Which lines in the listing below contain "angles"? Copy each of them.

§ DATA RECORDS:

# # # # # # #

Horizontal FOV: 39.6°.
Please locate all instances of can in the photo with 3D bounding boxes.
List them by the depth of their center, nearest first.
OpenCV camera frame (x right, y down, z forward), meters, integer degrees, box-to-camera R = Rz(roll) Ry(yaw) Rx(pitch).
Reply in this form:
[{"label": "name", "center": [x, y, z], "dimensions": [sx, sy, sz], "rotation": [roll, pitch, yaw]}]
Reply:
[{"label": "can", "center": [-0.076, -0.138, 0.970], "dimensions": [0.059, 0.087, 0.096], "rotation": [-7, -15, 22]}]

# # # # # # #

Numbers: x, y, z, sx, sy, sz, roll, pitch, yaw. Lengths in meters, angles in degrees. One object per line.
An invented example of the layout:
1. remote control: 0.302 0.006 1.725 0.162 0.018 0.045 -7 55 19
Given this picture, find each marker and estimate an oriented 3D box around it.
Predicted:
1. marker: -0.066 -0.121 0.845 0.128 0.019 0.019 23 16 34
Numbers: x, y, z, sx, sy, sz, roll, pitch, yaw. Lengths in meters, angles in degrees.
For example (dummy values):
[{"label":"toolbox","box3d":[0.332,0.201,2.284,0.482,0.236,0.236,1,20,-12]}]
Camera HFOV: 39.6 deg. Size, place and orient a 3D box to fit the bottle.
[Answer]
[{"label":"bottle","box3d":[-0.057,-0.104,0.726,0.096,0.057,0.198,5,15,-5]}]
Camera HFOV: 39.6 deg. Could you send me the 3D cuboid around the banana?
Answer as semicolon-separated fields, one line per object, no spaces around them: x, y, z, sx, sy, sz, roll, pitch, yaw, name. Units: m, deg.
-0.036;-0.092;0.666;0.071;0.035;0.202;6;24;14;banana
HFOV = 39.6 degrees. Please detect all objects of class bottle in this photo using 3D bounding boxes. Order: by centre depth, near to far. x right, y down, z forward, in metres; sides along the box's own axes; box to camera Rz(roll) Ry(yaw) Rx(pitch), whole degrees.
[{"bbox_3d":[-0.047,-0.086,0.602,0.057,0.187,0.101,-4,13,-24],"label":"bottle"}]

# # # # # # #

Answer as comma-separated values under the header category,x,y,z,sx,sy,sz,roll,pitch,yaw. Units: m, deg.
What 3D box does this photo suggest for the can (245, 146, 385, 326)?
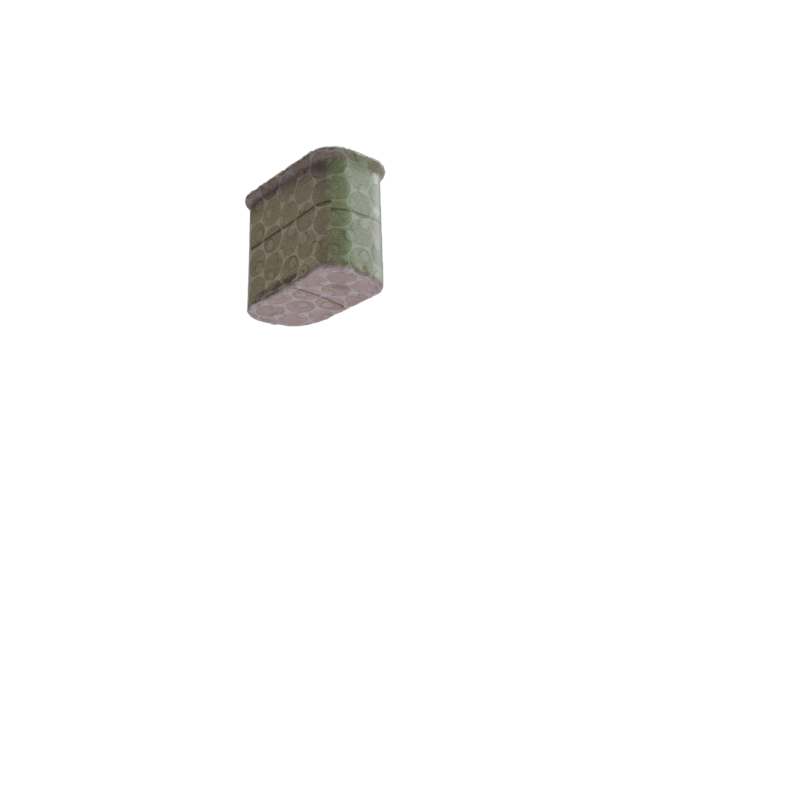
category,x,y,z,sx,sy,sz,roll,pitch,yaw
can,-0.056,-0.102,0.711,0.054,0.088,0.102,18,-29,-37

# # # # # # #

§ YOUR SOLUTION:
Numbers: x, y, z, sx, sy, sz, roll, pitch, yaw. Lengths in meters, angles in degrees. One object per line.
Numbers: x, y, z, sx, sy, sz, roll, pitch, yaw. Lengths in meters, angles in degrees.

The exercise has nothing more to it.